And so, to the main conversation today, which is the pattern creator. Just so that you know, the links will be in the show notes to everything that we talk about today. And the pattern creator may well be something that you want to go and play with because it enables you to do a very large amount more than potentially you can do in your normal WordPress website. So, whoever wishes to take this. What is the pattern creator? Hopefully we’ll be providing people with the link so they can find that. That’s all good. But what’s the purpose of it? Why was it built? Why did the WordPress team decide that a tool like this needed to exist?

[00:11:33] Kelly Choyce-Dwan: So the pattern creator is a place to go and create patterns to share with anyone who uses WordPress, and it was created to make the process of making a sharing patterns easier. It’s a place that you can go and make a pattern and you know that it can be reused without having to write that code.

[00:11:54] Nathan Wrigley: So, at the moment it’s not only is it a place where you can go and create patterns. It’s a place where you can go and discover other people’s already created patterns. And if you’re, if you’re coming to this podcast from another page builder, think about it as rows. You’re essentially grabbing rows from websites or component parts of websites. And so it serves that double purpose. Not only can you create your own, but you can also go and freely download other people’s work. Have I got that right? Have I misstated that?

[00:12:25] Kelly Choyce-Dwan: That’s correct?

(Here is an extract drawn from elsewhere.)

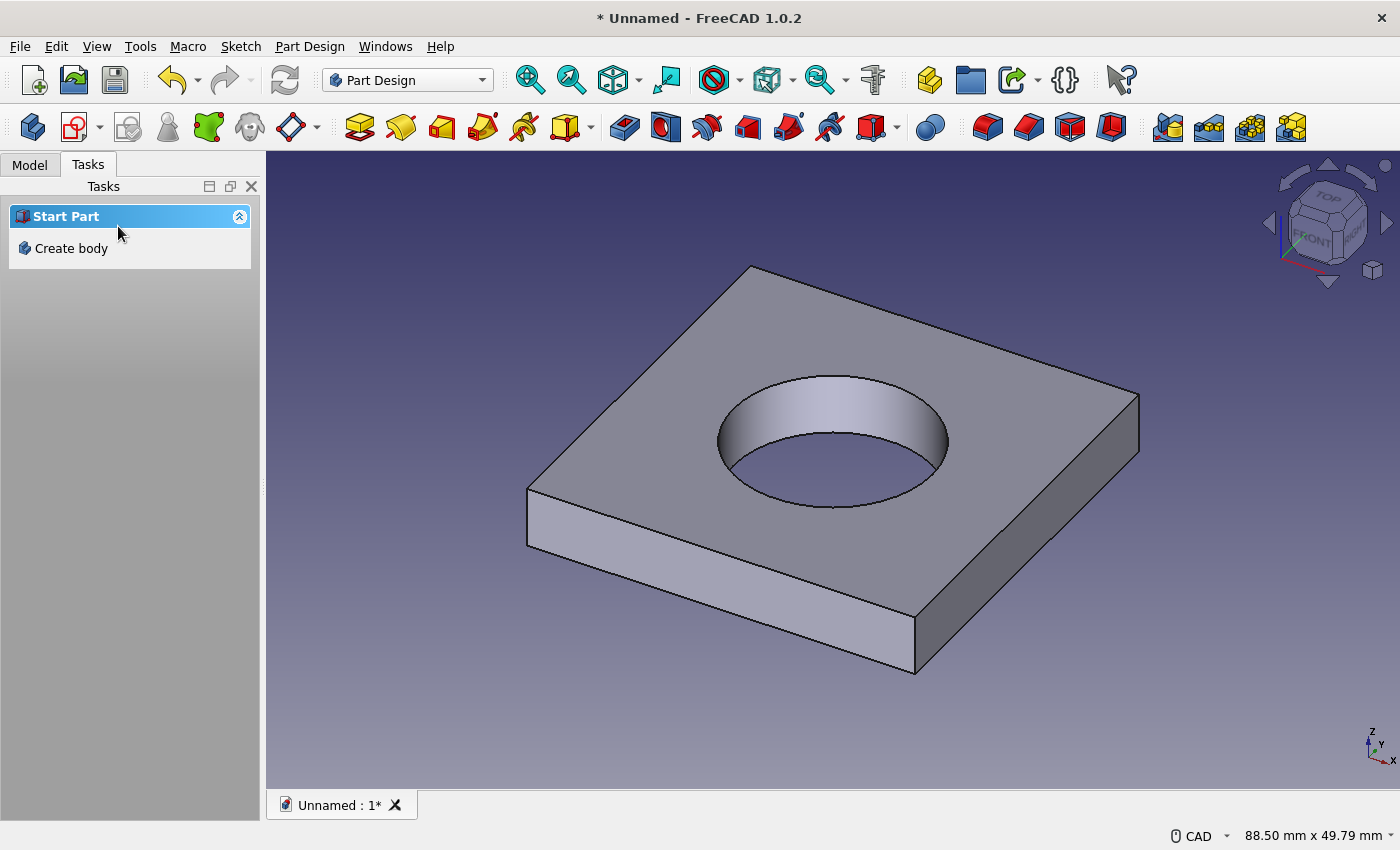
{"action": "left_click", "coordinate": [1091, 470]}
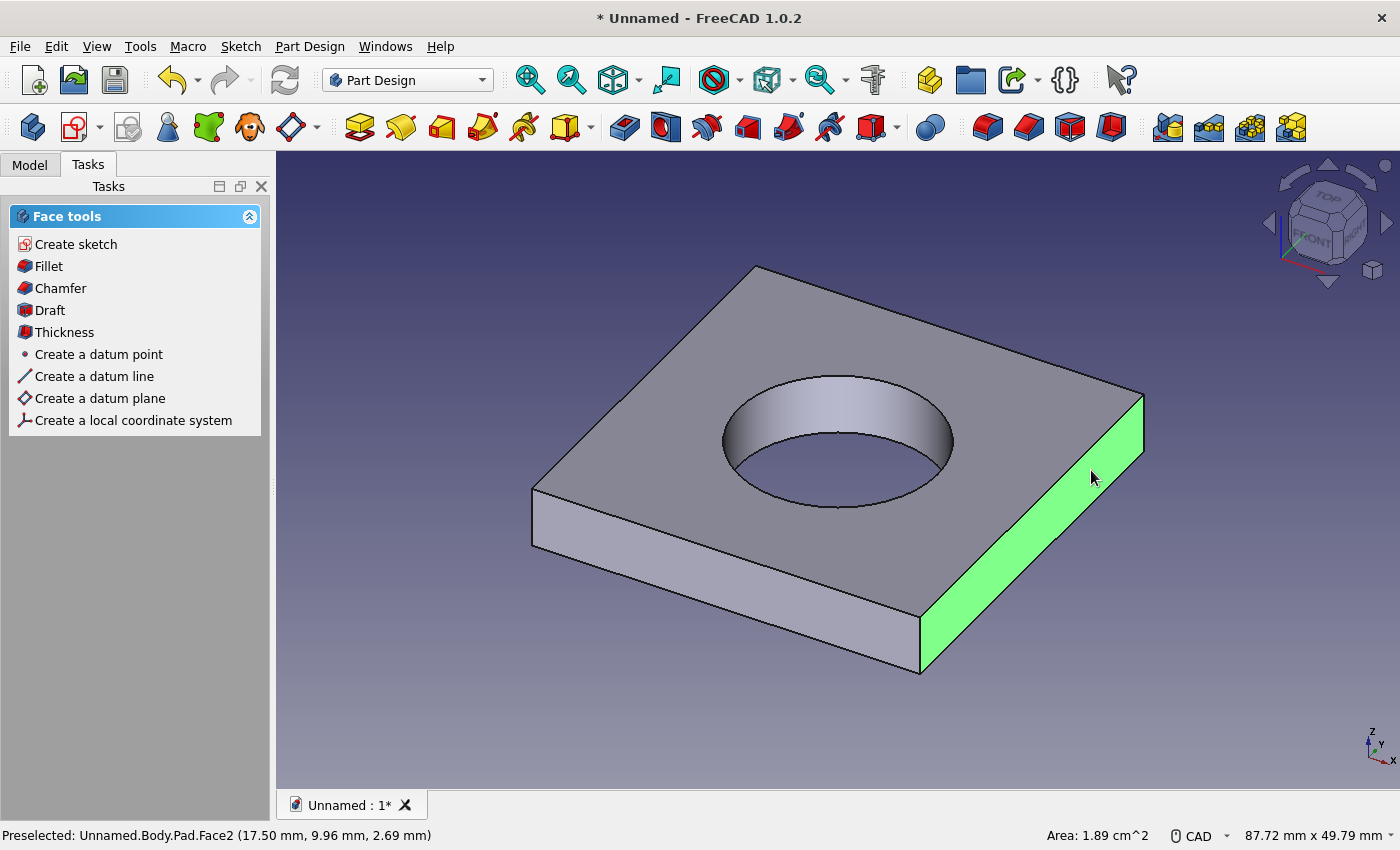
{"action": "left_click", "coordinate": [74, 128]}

[00:12:26] Nathan Wrigley: So in terms of how the editor works, we need to go to the website, the pattern creator website. And once we’re there, my understanding is that you need a, a wordpress.org account.

Once you’ve got yourself, a wordpress.org account, you can log in and you are presented with something which looks very, very similar to the usual WordPress block editor interface. It’s a little bit more spartan because the menu on the left kind of basically doesn’t exist. So all of those options for posts and pages and what have you are gone. Let’s talk about the design decisions.

So the menu on the left is gone. We’ve got the option to add blocks. Are we just dealing with a subset of the core blocks or can we add any of the core blocks?

[00:13:15] Kelly Choyce-Dwan: It is a subset currently, because we don’t have the dynamic content that might be on your website. So we can’t replicate the full experience of using that block. But almost all of the core blocks are available.

[00:13:30] Nathan Wrigley: Okay, so you can log in and you can start building out your blocks, or rather, I should say you can start building out your patterns. Then presumably there’s some kind of save process. And if you’re happy with things, can you use this if you chose to do it this way, can you use this as a private repository of your own blocks, that you’re maybe not ready to share with the world? Maybe they have to be kept in a draft state or something like that. Could it be used in that way? I know that’s not the intention. The intention is to have them shareable, but you were to design something and be not entirely satisfied with it, could you keep it there and come back to it at a later date and tweak it?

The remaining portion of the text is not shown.